In 2015, Joanna Spooner and her two children, then 11 and 9 months old, were on a QantasLink flight in Australia.

Upon boarding the plane, the pilot announced that there would be turbulence during the flight, reports.

And there was — passengers were instructed to remain in their seats for the duration of the flight. Spooner noted that the bumps on this particular flight were rougher than usual. She recalled:

“I remember a guy was sitting opposite us, a big, burly bloke from the mines, and he was cracking jokes saying ‘I’m going to be sick’. He couldn’t handle it.”

Even after landing, the mom of two reported that her “ears hurt and felt blocked.” When she got home, she still felt like she needed to pop her ears.

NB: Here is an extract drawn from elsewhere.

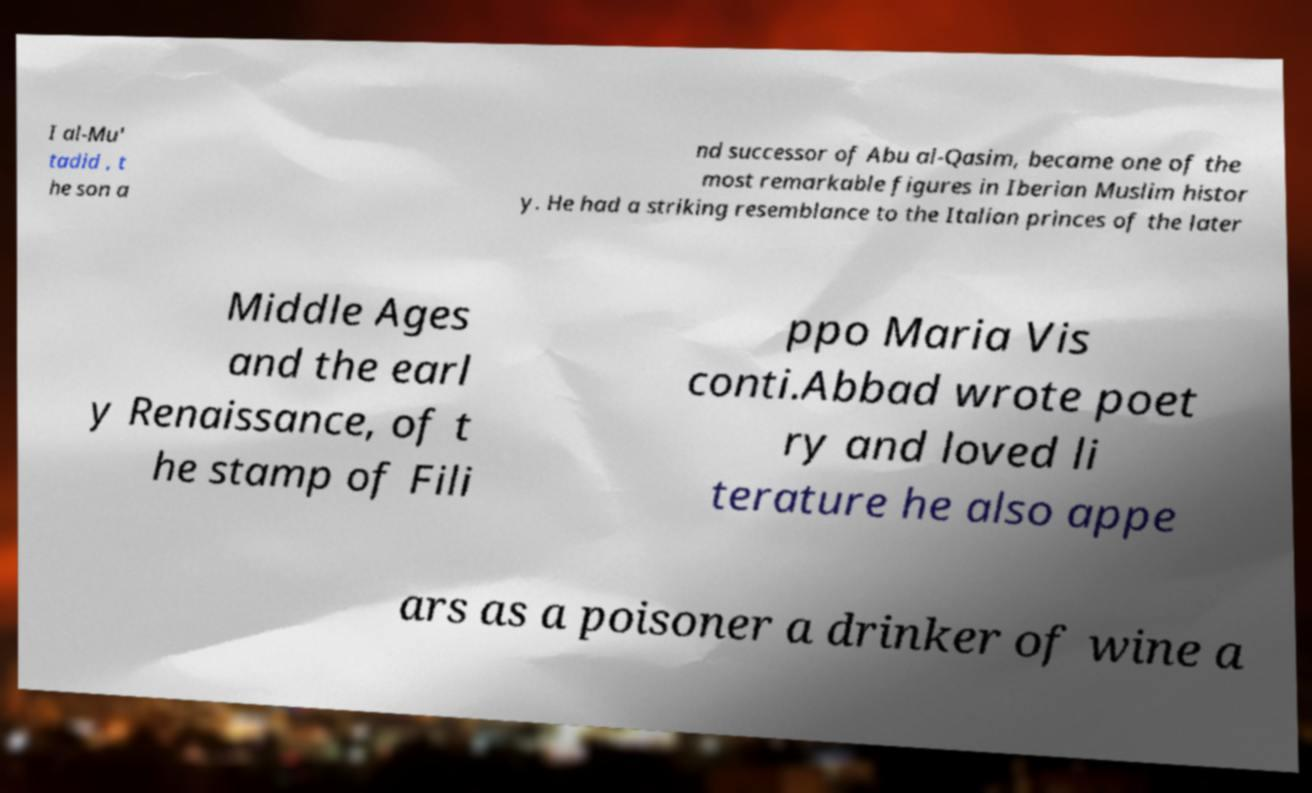What messages or text are displayed in this image? I need them in a readable, typed format. I al-Mu' tadid , t he son a nd successor of Abu al-Qasim, became one of the most remarkable figures in Iberian Muslim histor y. He had a striking resemblance to the Italian princes of the later Middle Ages and the earl y Renaissance, of t he stamp of Fili ppo Maria Vis conti.Abbad wrote poet ry and loved li terature he also appe ars as a poisoner a drinker of wine a

Her children also suffered from the pain.

As the discomfort worsened over the next few months, she was eventually diagnosed with barotrauma and a perilymph fistula in her right ear. A perilymph fistula is a condition where the “inner ear fluid leaks into the middle ear, usually as a result of trauma.” She said it was difficult for them to diagnose it:

“They took me in for emergency surgery after months and months of suffering because no one, by looking in my ear, could see the injury. They finally took a CT scan and my GP said, ‘Get to hospital’ — she thought I had a tumour or something. And they booked me straight in for surgery.”

Spooner described the pain:

“I’ve got all the vertigo, the pain; it’s in my ear but behind my ear, in my face, down my jaw and down my neck. It builds up because the hole has closed up and it builds up in my face which feels like a million different things. It’s hell.”

The mom had three surgeries in her right ear, however, she has lost her hearing as a result of the trauma.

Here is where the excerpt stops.